TASK PROMPT - The required output is the lines below from the line containing "#16 plastic bottle (1674,490,1796,692)" to the line containing "The image spans 60.0° horizontally.", inclusive, retyped exactly. No other lines belong in it.

ENTRIES SUPPLIED -

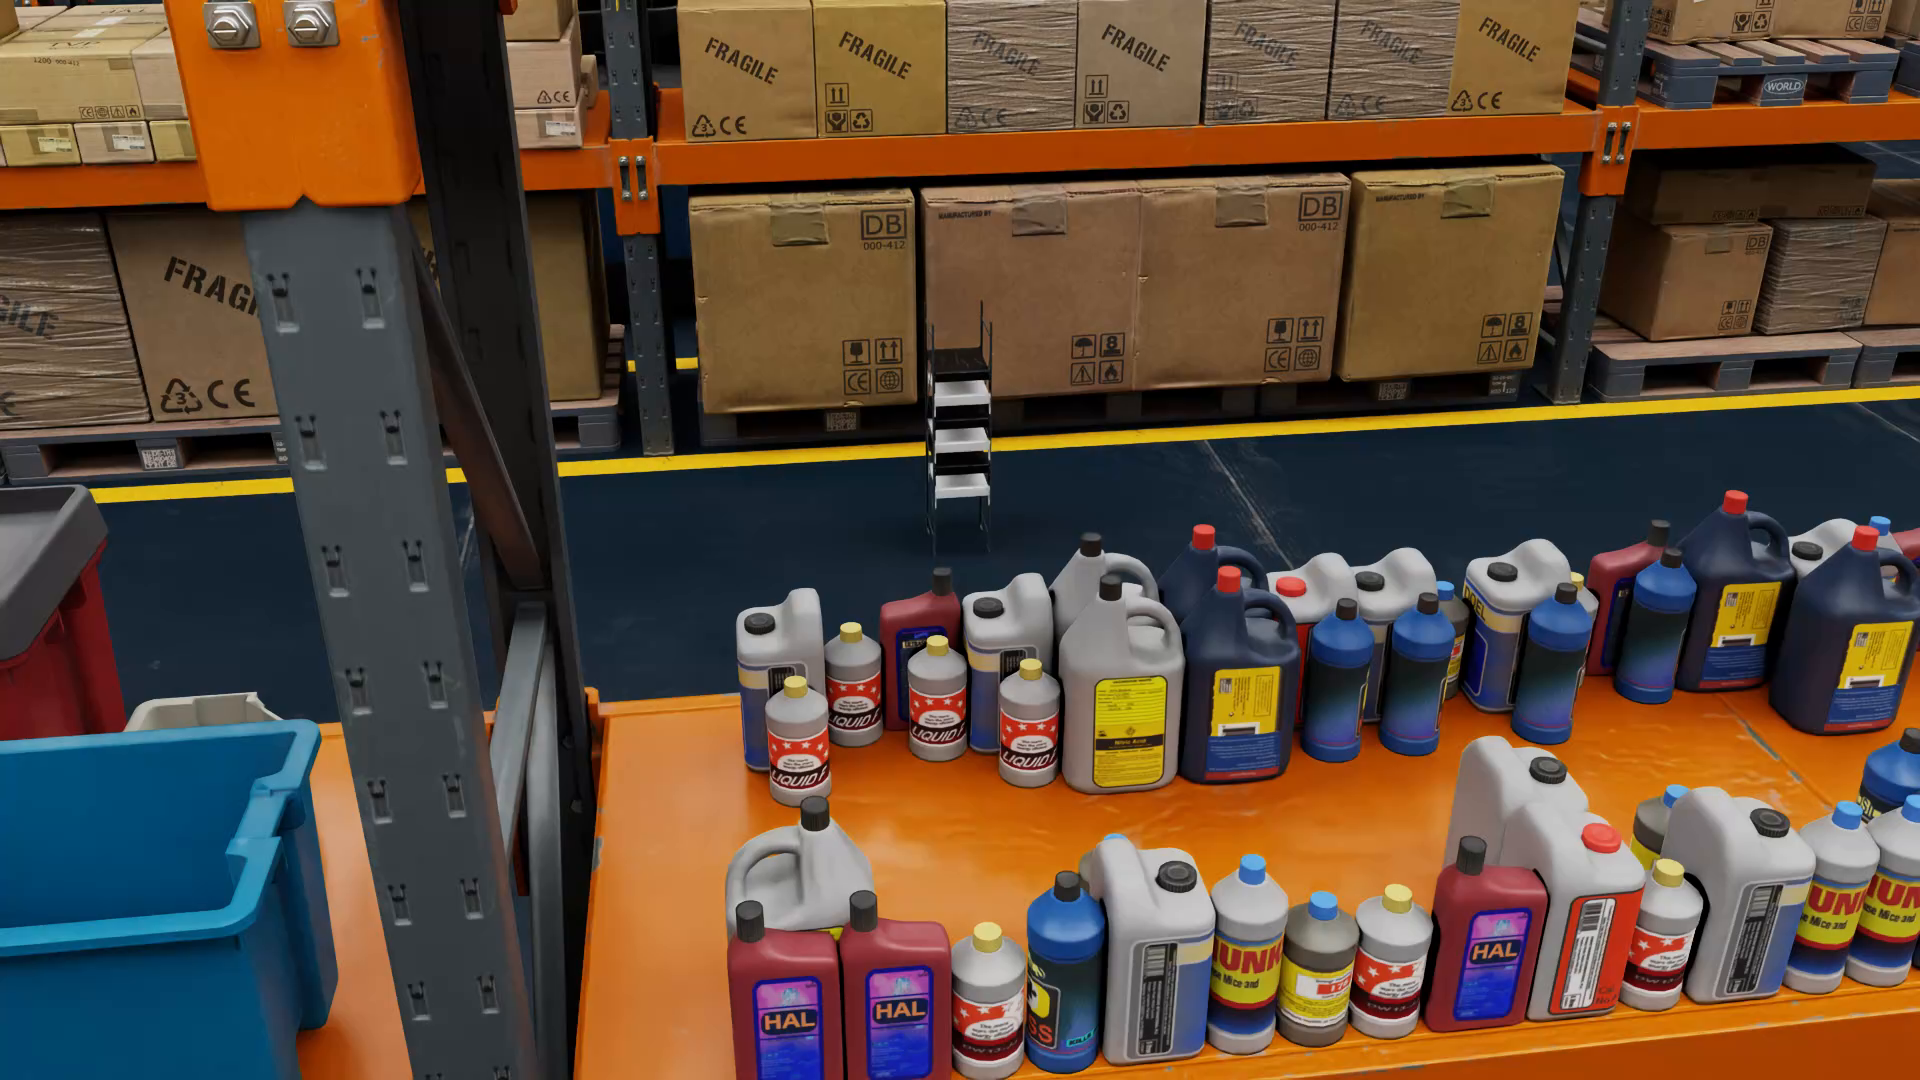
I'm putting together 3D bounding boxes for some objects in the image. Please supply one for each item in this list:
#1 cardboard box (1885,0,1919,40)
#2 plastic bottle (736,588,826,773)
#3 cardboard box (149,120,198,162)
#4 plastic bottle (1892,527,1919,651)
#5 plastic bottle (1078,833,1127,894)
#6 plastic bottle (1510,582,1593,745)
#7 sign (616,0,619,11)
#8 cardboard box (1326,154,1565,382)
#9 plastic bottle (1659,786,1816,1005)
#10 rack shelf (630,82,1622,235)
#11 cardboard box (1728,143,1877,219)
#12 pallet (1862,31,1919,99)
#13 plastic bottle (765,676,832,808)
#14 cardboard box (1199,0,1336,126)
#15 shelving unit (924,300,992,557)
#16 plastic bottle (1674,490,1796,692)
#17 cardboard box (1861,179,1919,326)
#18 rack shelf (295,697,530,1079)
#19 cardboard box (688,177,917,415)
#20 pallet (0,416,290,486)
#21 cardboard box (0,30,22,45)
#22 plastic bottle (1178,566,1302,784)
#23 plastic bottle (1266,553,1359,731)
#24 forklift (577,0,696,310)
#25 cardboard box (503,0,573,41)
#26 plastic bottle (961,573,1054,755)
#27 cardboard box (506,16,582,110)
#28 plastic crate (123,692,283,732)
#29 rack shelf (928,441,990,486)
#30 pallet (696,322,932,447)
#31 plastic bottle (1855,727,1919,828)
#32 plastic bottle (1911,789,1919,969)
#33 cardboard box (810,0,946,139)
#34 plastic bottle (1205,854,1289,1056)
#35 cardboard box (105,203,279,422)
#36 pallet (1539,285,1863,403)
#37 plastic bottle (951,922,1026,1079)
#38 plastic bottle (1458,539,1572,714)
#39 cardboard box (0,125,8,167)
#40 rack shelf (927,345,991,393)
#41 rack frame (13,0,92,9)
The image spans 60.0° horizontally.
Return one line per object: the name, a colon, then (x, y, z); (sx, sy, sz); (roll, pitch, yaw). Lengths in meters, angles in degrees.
cardboard box: (4.330, -2.283, 7.118); (0.500, 0.250, 0.500); (-4, 27, -9)
plastic bottle: (-0.287, 0.217, 2.677); (0.135, 0.276, 0.152); (-4, 27, -7)
cardboard box: (-2.852, -1.545, 6.250); (0.250, 0.149, 0.380); (-4, 27, -8)
plastic bottle: (1.704, 0.065, 2.965); (0.133, 0.283, 0.061); (-4, 27, -7)
plastic bottle: (0.205, 0.486, 2.235); (0.097, 0.201, 0.097); (0, 27, 0)
plastic bottle: (0.972, 0.196, 2.723); (0.097, 0.271, 0.097); (0, 27, 0)
sign: (-1.244, -2.075, 5.974); (0.005, 0.325, 0.100); (-4, 27, -7)
cardboard box: (1.952, -1.367, 7.496); (0.875, 0.875, 1.225); (-5, 28, -10)
plastic bottle: (1.025, 0.458, 2.208); (0.135, 0.276, 0.152); (-4, 27, -7)
rack shelf: (0.658, -1.713, 7.091); (4.000, 0.370, 1.077); (-4, 27, -7)
cardboard box: (3.821, -1.672, 7.657); (0.500, 0.250, 0.500); (-1, 27, -1)
pallet: (4.593, -2.219, 7.499); (1.213, 0.211, 1.003); (-4, 27, -7)
plastic bottle: (-0.252, 0.306, 2.586); (0.097, 0.201, 0.097); (0, 27, 0)
cardboard box: (1.176, -1.998, 6.748); (0.500, 0.500, 0.500); (-5, 28, -9)
shelving unit: (-0.008, -0.400, 6.044); (0.210, 0.900, 0.258); (-4, 27, -7)
plastic bottle: (1.323, 0.079, 2.865); (0.185, 0.351, 0.144); (-4, 27, -7)
cardboard box: (4.407, -1.376, 7.901); (0.500, 0.500, 0.700); (-1, 27, -3)
rack shelf: (-2.613, 0.781, 2.231); (4.000, 0.370, 1.077); (-4, 27, -7)
cardboard box: (-0.692, -1.197, 7.164); (0.875, 0.875, 1.225); (-4, 27, -7)
pallet: (-3.297, -0.573, 7.135); (1.213, 0.211, 1.003); (-4, 27, -7)
cardboard box: (-3.759, -1.692, 6.100); (0.500, 0.250, 0.500); (-5, 28, -9)
plastic bottle: (0.435, 0.202, 2.624); (0.185, 0.351, 0.144); (-4, 27, -7)
plastic bottle: (0.574, 0.162, 2.784); (0.135, 0.276, 0.152); (-4, 27, -7)
forklift: (-1.954, -3.080, 9.043); (1.130, 2.935, 3.031); (-7, 28, -13)
cardboard box: (-1.741, -2.155, 6.181); (0.500, 0.500, 0.500); (-3, 27, -6)
plastic bottle: (0.074, 0.194, 2.722); (0.135, 0.276, 0.152); (-4, 27, -7)
cardboard box: (-1.723, -1.825, 6.359); (0.500, 0.250, 0.500); (-4, 27, -8)
plastic crate: (-1.113, 0.389, 2.429); (0.243, 0.136, 0.396); (-4, 27, -7)
rack shelf: (-0.008, -0.290, 6.100); (0.200, 0.077, 0.258); (-4, 27, -7)
pallet: (-0.569, -0.748, 7.477); (1.213, 0.211, 1.003); (-4, 27, -7)
plastic bottle: (1.317, 0.387, 2.351); (0.097, 0.271, 0.097); (0, 27, 0)
plastic bottle: (1.377, 0.404, 2.232); (0.185, 0.351, 0.144); (-4, 27, -7)
cardboard box: (-0.335, -1.899, 6.555); (0.500, 0.500, 0.500); (-4, 27, -7)
plastic bottle: (0.360, 0.515, 2.101); (0.097, 0.271, 0.097); (0, 27, 0)
cardboard box: (-2.879, -1.084, 6.945); (0.875, 0.875, 0.875); (-4, 27, -7)
pallet: (3.412, -0.969, 7.906); (1.213, 0.211, 1.003); (-4, 27, -7)
plastic bottle: (0.034, 0.567, 2.076); (0.097, 0.201, 0.097); (0, 27, 0)
plastic bottle: (0.937, 0.139, 2.830); (0.135, 0.276, 0.152); (-4, 27, -7)
cardboard box: (-3.613, -1.496, 6.155); (0.250, 0.149, 0.380); (-4, 27, -8)
rack shelf: (-0.008, -0.610, 5.936); (0.200, 0.077, 0.258); (-4, 27, -7)
rack frame: (-5.875, -3.900, 10.565); (0.127, 3.000, 1.000); (-4, 27, -7)

TASK SOLUTION -
#16 plastic bottle (1674,490,1796,692)
#17 cardboard box (1861,179,1919,326)
#18 rack shelf (295,697,530,1079)
#19 cardboard box (688,177,917,415)
#20 pallet (0,416,290,486)
#21 cardboard box (0,30,22,45)
#22 plastic bottle (1178,566,1302,784)
#23 plastic bottle (1266,553,1359,731)
#24 forklift (577,0,696,310)
#25 cardboard box (503,0,573,41)
#26 plastic bottle (961,573,1054,755)
#27 cardboard box (506,16,582,110)
#28 plastic crate (123,692,283,732)
#29 rack shelf (928,441,990,486)
#30 pallet (696,322,932,447)
#31 plastic bottle (1855,727,1919,828)
#32 plastic bottle (1911,789,1919,969)
#33 cardboard box (810,0,946,139)
#34 plastic bottle (1205,854,1289,1056)
#35 cardboard box (105,203,279,422)
#36 pallet (1539,285,1863,403)
#37 plastic bottle (951,922,1026,1079)
#38 plastic bottle (1458,539,1572,714)
#39 cardboard box (0,125,8,167)
#40 rack shelf (927,345,991,393)
#41 rack frame (13,0,92,9)
The image spans 60.0° horizontally.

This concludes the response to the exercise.